A 500mg paracetamol brand ‘Cetophen’ manufactured by Lomus Pharmaceuticals Pvt Ltd has been found substandard in laboratory tests.

Batch CT-2023 of the medicine, which is widely used to reduce pain and fever, failed to meet quality standards, according to the Department of Drug Administration (DDA), the national drug regulator.

“The drug was supplied to the Nepal Army, which sent us samples for quality check,” said Narayan Dhakal, director general of the department. “The drug might have been sent to the market also, so we have directed the manufacturer to recall the medicine and inform us.”

Paracetamol, or acetaminophen, is an over-the-counter drug used worldwide. It is used to treat many conditions—including headache, muscle ache, arthritis, backache, toothache, sore throat, menstrual pain, musculoskeletal pain, cold and fever.

Nepal government has listed paracetamol as an essential drug and provides it free of cost from state-run health facilities across the country. The drug is available in the market under different brand names, with Cetamol, manufactured by the state-owned Nepal Drug Limited, the most commonly available brand.

Paracetamol is among the 96 medicines whose prices were determined by the department some 16 years ago.

The DDA regularly collects drugs through random sampling methods from pharmacies across the country and tests in its own laboratory to examine if the medicines being sold in markets comply with quality standards.

Dhakal informed that with the latest paracetamol recall, the number of drugs withdrawn from the market since the start of the fiscal year 2023/24 has reached nine.

The department’s report showed that around 11 percent of medicines sold in the last fiscal year across the country have been found substandard in laboratory examinations. Officials had directed the respective manufacturing companies to recall those drugs from the market.

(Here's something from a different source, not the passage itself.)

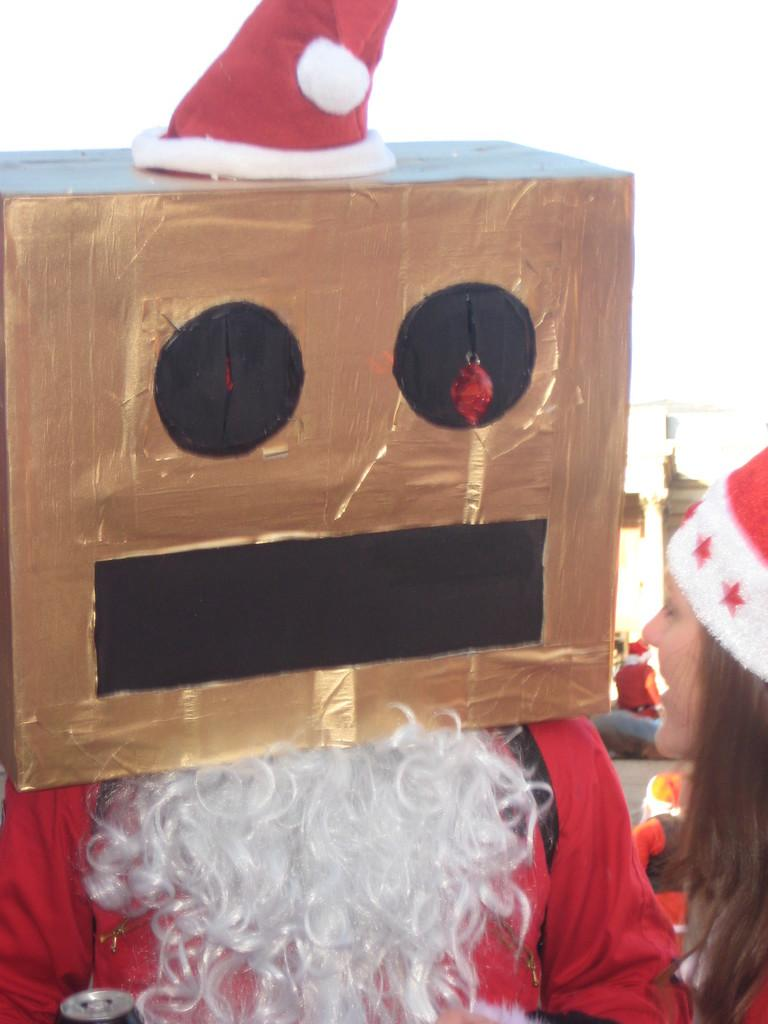What is the person in the image doing with the carton box? The person is covering their face with a carton box. What is the person wearing in the image? The person is wearing a Santa Claus dress. Who else is present in the image? There is a woman in the image. What is the woman wearing on her head? The woman is wearing a cap. What color is the sweater the person is wearing in the image? The person is not wearing a sweater in the image; they are wearing a Santa Claus dress. What type of crate is visible in the image? There is no crate present in the image.

However, it is not known if all those substandard drugs were recalled or sold to patients, as the department does not have the capacity to ensure all substandard medicines are recalled on time.

The DDA officials admit that due to a shortage of staff, they cannot always monitor if all those drugs have been recalled or not.

The department publishes a notice on its website instructing respective companies to recall those drugs at the earliest. But most of the time, those substandard drugs already get sold out by the time the notices are published, as it takes several months for the department to perform tests in its laboratory due to understaffing.